START RECORD EXCERPTS
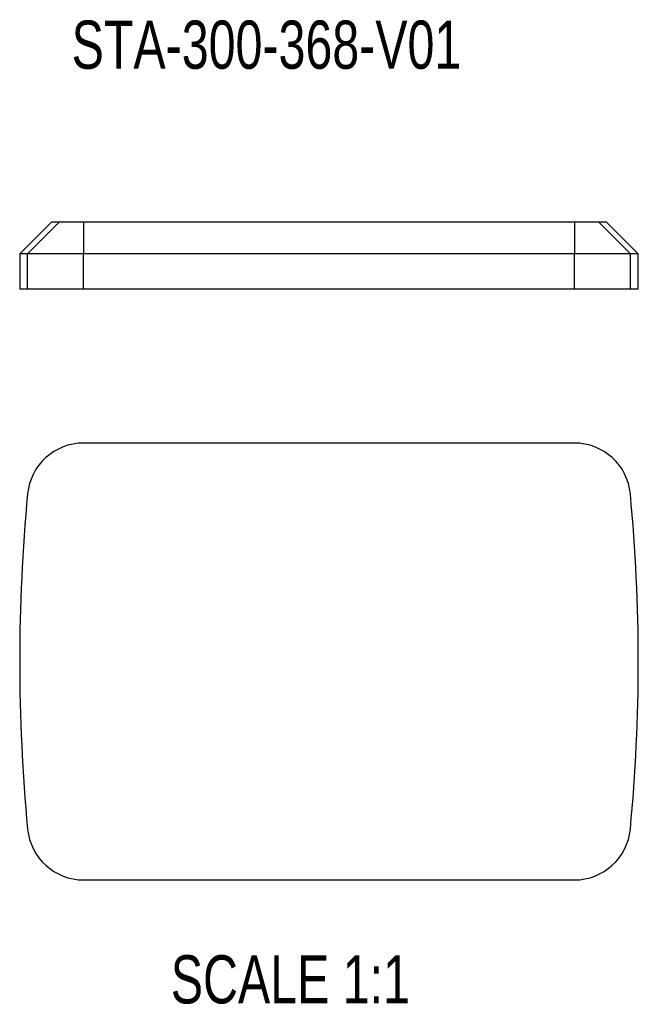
# Model space of a CAD drawing. Header units: millimetres. Extents: x 164 to 549, y 31 to 644.
import ezdxf

# ---------------------------------------------------------------- set-up
doc = ezdxf.new("R2010")
doc.units = ezdxf.units.MM
doc.layers.add('FORMAT', color=7, linetype='Continuous')
doc.styles.add('SLDTEXTSTYLE0', font='TXT', dxfattribs={"width": 0.75})

msp = doc.modelspace()

# ---------------------------------------------------------------- linework, layer by layer
at = {"color": 7, "linetype": 'Continuous', "lineweight": 25}
for p, q in [((184.44, 518.48), (164.44, 498.48)), ((189.29, 518.48), (169.38, 498.48)), ((184.44, 518.48), (189.29, 518.48)), ((189.29, 518.48), (204.23, 518.48)), ((204.23, 518.48), (509.66, 518.48)), ((204.23, 518.48), (204.23, 498.48)), ((509.66, 518.48), (509.66, 498.48)), ((509.66, 518.48), (524.59, 518.48)), ((524.59, 518.48), (544.51, 498.48)), ((524.59, 518.48), (529.44, 518.48)), ((549.44, 498.48), (529.44, 518.48)), ((164.44, 498.48), (164.44, 476.48)), ((169.38, 498.48), (164.44, 498.48)), ((204.23, 498.48), (169.38, 498.48)), ((169.38, 476.48), (169.38, 498.48)), ((509.66, 498.48), (204.23, 498.48)), ((204.23, 476.48), (204.23, 498.48)), ((544.51, 498.48), (509.66, 498.48)), ((509.66, 476.48), (509.66, 498.48)), ((544.51, 476.48), (544.51, 498.48)), ((549.44, 498.48), (544.51, 498.48)), ((549.44, 476.48), (549.44, 498.48)), ((169.38, 476.48), (164.44, 476.48)), ((204.23, 476.48), (169.38, 476.48)), ((509.66, 476.48), (204.23, 476.48)), ((544.51, 476.48), (509.66, 476.48)), ((549.44, 476.48), (544.51, 476.48)), ((509.66, 380.76), (204.23, 380.76)), ((204.23, 108.76), (509.66, 108.76))]:
    msp.add_line(p, q, dxfattribs=at)
for centre, radius, start, end in [((204.23, 345.76), 35, 90, 174.57856), ((509.66, 345.76), 35, 5.42144, 90), ((1268.44, 244.76), 1104, 174.57856, 185.42144), ((-554.56, 244.76), 1104, 354.57856, 5.42144), ((204.23, 143.76), 35, 185.42144, 270), ((509.66, 143.76), 35, 270, 354.57856)]:
    msp.add_arc(centre, radius, start, end, dxfattribs=at)

# ---------------------------------------------------------------- texts
at = {"layer": 'FORMAT', "color": 250, "char_height": 30, "attachment_point": 1, "style": 'SLDTEXTSTYLE0'}
for s, insert in [('STA-300-368-V01', (196.78, 643.75)), ('SCALE 1:1', (258.49, 61.88))]:
    msp.add_mtext(s, dxfattribs=dict(at, insert=insert))

doc.saveas('drawing.dxf')
END RECORD EXCERPTS
WORK REQUIRED:
For the word "insert", find all matching lines in the entries above and copy them out.

TASK RESULT:
for s, insert in [('STA-300-368-V01', (196.78, 643.75)), ('SCALE 1:1', (258.49, 61.88))]:
    msp.add_mtext(s, dxfattribs=dict(at, insert=insert))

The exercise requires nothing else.